» **Exercise objective**
Beginning with the first line below, retype exactly each line through the one containing "1) Sectioned sample". Leave out all pictures.

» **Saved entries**
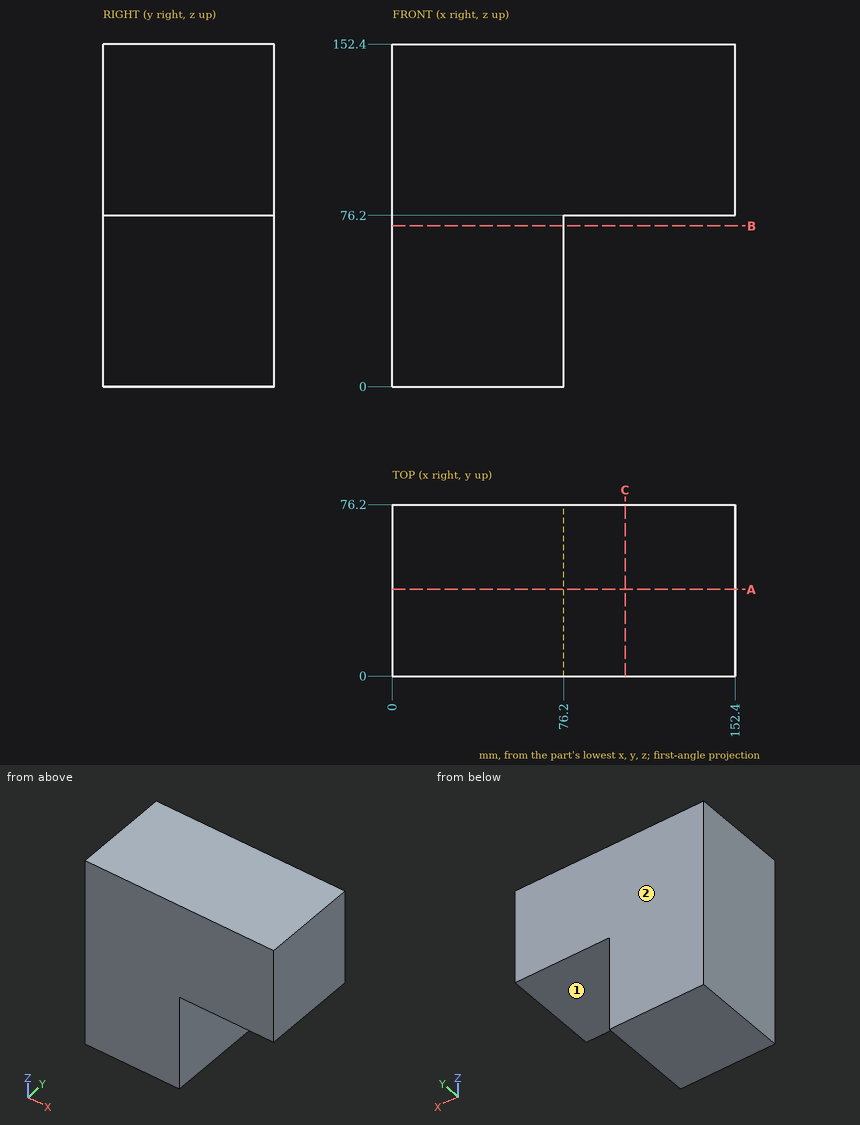
Geometry check sheet. Reference: drawing and pictorial views, mm from the part's lowest x, y, z. A direction names the side the tool comes from. Coordinates: 2 decimals unless noted, no trailing zeros. Loops run counter-clockwise (first coordinate to the right, second up) from the corner with the lowest first, then second, coordinate; pieces in that order, holes last.
1) Sectioned sample at B-B (z = 71.5). Record the boundary of the cut face in (x, y).
2) Access from +Z, -Z, +X, -X, +Y, -Y to the whole of each face (thin tool, end or side, straight path). Record for the marked faces 1 and 2.
3) Sectioned sample at A-A (y = 38.5). Record the boundary of the cut face in (x, z), and give its area (3 significant figures).
4) Sectioned sample at C-C (x = 103.5). Record the boundary of the cut face in (y, z).
5) Material ranges on probe 1 along X at (y, z) = (15.5, 36.5); probe 2 along Z at (x, y) = (86, 60), recorded low to high.
Check sheet entries:
1. outline: (0, 0) - (76.2, 0) - (76.2, 76.2) - (0, 76.2) - close
2. face 1: -Z, +X, +Y, -Y
2. face 2: +Z, -Z, +X, -X, +Y
3. outline: (0, 0) - (76.2, 0) - (76.2, 76.2) - (152.4, 76.2) - (152.4, 152.4) - (0, 152.4) - close
3. area: 17,400 mm2
4. outline: (0, 76.2) - (76.2, 76.2) - (76.2, 152.4) - (0, 152.4) - close
5. probe 1: x = 0 to 76.2
5. probe 2: z = 76.2 to 152.4
from build123d import *

# Parameters (mm, degrees)
F0_R     = 8.5
F0_R_2   = 6.985
F0_R_3   = 3.01878
F1_DEPTH = 10.16
F2_R     = 7.62
F3_DEPTH = 25.4


with BuildPart() as f1:
    # F0 (on Top) → F1 (new body)
    with BuildSketch(Plane.XY):
        with BuildLine():
            ThreePointArc((29.21, 104.385), (28.391776, 99.847507), (27.755027, 95.281012))
            ThreePointArc((27.755027, 95.281012), (28.843963, 99.77524), (29.21, 104.385))
        make_face()
        with BuildLine():
            ThreePointArc((89.287219, -21.055), (40.36409, 27.509427), (27.755027, 95.281012))
            ThreePointArc((27.755027, 95.281012), (28.391776, 99.847507), (29.21, 104.385))
            ThreePointArc((29.21, 104.385), (-7.560104, 132.599693), (-25.296602, 89.78))
            ThreePointArc((-25.296602, 89.78), (-42.893065, 23.129114), (-95.280447, -21.676448))
            ThreePointArc((-95.280447, -21.676448), (-99.553523, -23.408254), (-103.892219, -24.968398))
            ThreePointArc((-103.892219, -24.968398), (-109.941808, -70.919589), (-63.990617, -64.87))
            ThreePointArc((-63.990617, -64.87), (2.528975, -46.783541), (67.525421, -69.749564))
            ThreePointArc((67.525421, -69.749564), (71.161747, -72.584253), (74.682219, -75.561602))
            ThreePointArc((74.682219, -75.561602), (117.501913, -57.825104), (89.287219, -21.055))
        make_face()
        with Locations((-89.287219, -50.265)):
            Circle(F0_R, mode=Mode.SUBTRACT)
        Circle(F0_R_2, mode=Mode.SUBTRACT)
        with Locations((89.287219, -50.265)):
            Circle(F0_R_3, mode=Mode.SUBTRACT)
        with Locations((0, 104.385)):
            Circle(F0_R, mode=Mode.SUBTRACT)
        with BuildLine():
            ThreePointArc((67.525421, -69.749564), (70.873068, -72.939725), (74.682219, -75.561602))
            ThreePointArc((74.682219, -75.561602), (71.161747, -72.584253), (67.525421, -69.749564))
        make_face()
        with BuildLine():
            ThreePointArc((-103.892219, -24.968398), (-99.553523, -23.408254), (-95.280447, -21.676448))
            ThreePointArc((-95.280447, -21.676448), (-99.717031, -22.980515), (-103.892219, -24.968398))
        make_face()
    extrude(amount=F1_DEPTH)

    # F2
    f2_edges = [f1.edges().sort_by_distance(p)[0] for p in [
        (27.755027, 95.281012, 5.08),
        (-25.296602, 89.78, 5.08),
        (-63.990617, -64.87, 5.08),
        (-95.280447, -21.676448, 5.08),
        (67.525421, -69.749564, 5.08),
        (89.287219, -21.055, 5.08),
    ]]
    fillet(f2_edges, radius=F2_R)

    # F0 (on Top) → F3 (join)
    with BuildSketch(Plane.XY):
        with Locations((89.287219, -50.265)):
            Circle(F0_R_3)
    extrude(amount=F3_DEPTH)


solid = f1.part
Check sheet for the modelled part. Datum: model origin and axes. Units: mm. A direction names the side the tool comes from. Give positions to 0.01 mm unless a question says otherwise; leave off trailing zeros. Loops run counter-clockwise (first coordinate to the right, second up) from the corner with the lowest first, then second, coordinate; pieces in that order, holes last. Notation, with made-up numbers: M -20,-25 L 8,-25 A18 cw 8,-13 Z; hole C 82.5,13 d5. An arc over 180 degrees is marked long. Return JSON: item names as keys, results as strings. Group by question number.
1. Tool access check on faces 1 (the cylindrical face through (-42.672, 23.483, 5.009)), 2 (the cylindrical face through (71.078, -73.104, 5.009)), 3 (the cylindrical face through (86.89, -52.1, 17.67)), 4 (the cylindrical face through (28.884, 100.035, 5.009)), 5 (the cylindrical face through (-110.995, -69.81, 5.009)). Record the directions out of +Z, -Z, +X, -X, +Y, -Y that give a thin tool (end or side, any length) a straight path to the whole face; none if there is none.
2. Cross-section at D-D on y = 52.5. Record the boundary of the cut face in (x, z), plus the area to 3 significant figures.
3. Cross-section at B-B on y = 0. Record the boundary of the cut face in (x, z) (3 decimals), plus the area to 3 significant figures.
4. Cross-section at A-A on x = 0. Record the boundary of the cut face in (y, z) (3 decimals), plus the area to 3 significant figures.
5. Mould release check, pull along X, two halves, no side actions. Record for faces 6 (the cylindrical face through (-99.962, -23.075, 5.009)), 7 (the cylindrical face through (-97.78, -49.89, 5.01)), 8 (the flat face through (89, -50, 25.4)): released by +X, released by -X, zero draft, split by the parting line, or undercut.
6. Go/stop test with flat-tipped pins: pin 1 (3 mm diameter, centred on x = -3.5, y = 19.5, fed in from +Z); pin 2 (2 mm diameter, centred on y = -7, z = 3.5, fed in from +X); pin 3 (4 mm diameter, centred on y = -52, z = 16, fed in from -X). Record where each tip stops, or that it passes through.
7. Thickness scan on L1, parallel to Y at x = 0, z = 7.75 (3 decimals); L2, parallel to Z at x = -103, y = -37.5; L3, parallel to X at y = 70.5, z = 1. Record the ranges inside material, lowest first.
8. Cross-section at C-C on z = 4.5. State how many separate pieces and enclosed holes the cut face has, plus the area to 3 significant figures.
Return value:
{
 "1": {"face 1": "+Z, -Z, -X", "face 2": "+Z, -Z, -Y", "face 3": "+Z", "face 4": "+Z, -Z, +X", "face 5": "+Z, -Z"},
 "2": {"outline": "M -29.74,0 L 30.66,0 L 30.66,10.16 L -29.74,10.16 Z", "area": "614 mm^2"},
 "3": {"outline": "M -62.012,0 L -6.985,0 L -6.985,10.16 L -62.012,10.16 Z; M 6.985,0 L 60.621,0 L 60.621,10.16 L 6.985,10.16 Z", "area": "1,100 mm^2"},
 "4": {"outline": "M -46.717,0 L -6.985,0 L -6.985,10.16 L -46.717,10.16 Z; M 6.985,0 L 95.885,0 L 95.885,10.16 L 6.985,10.16 Z; M 112.885,0 L 133.595,0 L 133.595,10.16 L 112.885,10.16 Z", "area": "1,520 mm^2"},
 "5": {"face 6": "released by -X", "face 7": "undercut", "face 8": "zero draft"},
 "6": {"pin 1": "z = 10.16", "pin 2": "x = 69.45", "pin 3": "x = 86.27"},
 "7": {"L1": "-46.717 to -6.985, 6.985 to 95.885, 112.885 to 133.595", "L2": "0 to 10.16", "L3": "-26.05 to 27.48"},
 "8": {"separate pieces": "1", "enclosed holes": "3", "area": "20,700 mm^2"}
}

» **Finished task**
Geometry check sheet. Reference: drawing and pictorial views, mm from the part's lowest x, y, z. A direction names the side the tool comes from. Coordinates: 2 decimals unless noted, no trailing zeros. Loops run counter-clockwise (first coordinate to the right, second up) from the corner with the lowest first, then second, coordinate; pieces in that order, holes last.
1) Sectioned sample at B-B (z = 71.5). Record the boundary of the cut face in (x, y).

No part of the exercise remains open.